A cable services provider is the latest company to sign a multi-million-dollar agreement to settle allegations of improper e-scrap disposal in California.
Cox Communications California, which provides cable TV, internet access and other services, has agreed to pay more than $3.3 million to settle allegations that its California retail and warehouse locations disposed of e-scrap, batteries and aerosol cans in garbage dumpsters. State officials also alleged the company discarded customer records without rendering personal information unreadable.
Cox, which is part of Atlanta-based conglomerate Cox Enterprises, will pay $2.1 million in civil penalties, $404,700 on “environmental projects” (most of this will go to several agencies to pay for investigations) and $814,000 to reimburse costs incurred during the Cox investigation. In addition, it agreed to provide $450,000 worth of airtime for public service announcements to educate the public on proper disposal of consumer electronics and spend an additional $665,000 on environmental projects.
Cox also agreed to pay for three external environmental compliance audits and conduct three internal audits to review customer records management procedures. It also agreed to use companies that hold e-Stewards or R2 certification to process electronics in the future.
Investigators gathered evidence by dumpster diving. “The inspections revealed that Cox was routinely and systematically sending hazardous wastes to local landfills that were not permitted to receive those wastes,” according to a press release. “Several dumpster inspections also revealed Cox disposed of customer records containing confidential personal information.”
The settlement, which was approved by a judge on May 24, was announced by the Alameda County District Attorney’s Office and the California Attorney-General.

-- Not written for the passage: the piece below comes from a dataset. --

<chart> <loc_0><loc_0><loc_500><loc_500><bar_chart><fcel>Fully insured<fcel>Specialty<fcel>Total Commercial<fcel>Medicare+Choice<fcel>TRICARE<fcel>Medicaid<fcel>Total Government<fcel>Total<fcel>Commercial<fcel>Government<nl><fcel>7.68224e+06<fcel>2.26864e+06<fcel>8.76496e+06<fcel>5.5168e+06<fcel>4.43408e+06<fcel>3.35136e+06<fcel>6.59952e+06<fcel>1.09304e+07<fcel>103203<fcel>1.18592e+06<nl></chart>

The Cox case is just one of several district attorneys in California have prosecuted in recent years. Earlier this year, The Home Depot and AutoNation signed multi-million-dollar settlements. And this isn’t the first time California prosecutors have gone after telecommunications companies: DirectTV signed a $9.5 million settlement last year, Comcast agreed to pay $26 million in 2015 and AT&T signed a $52 million deal in 2014.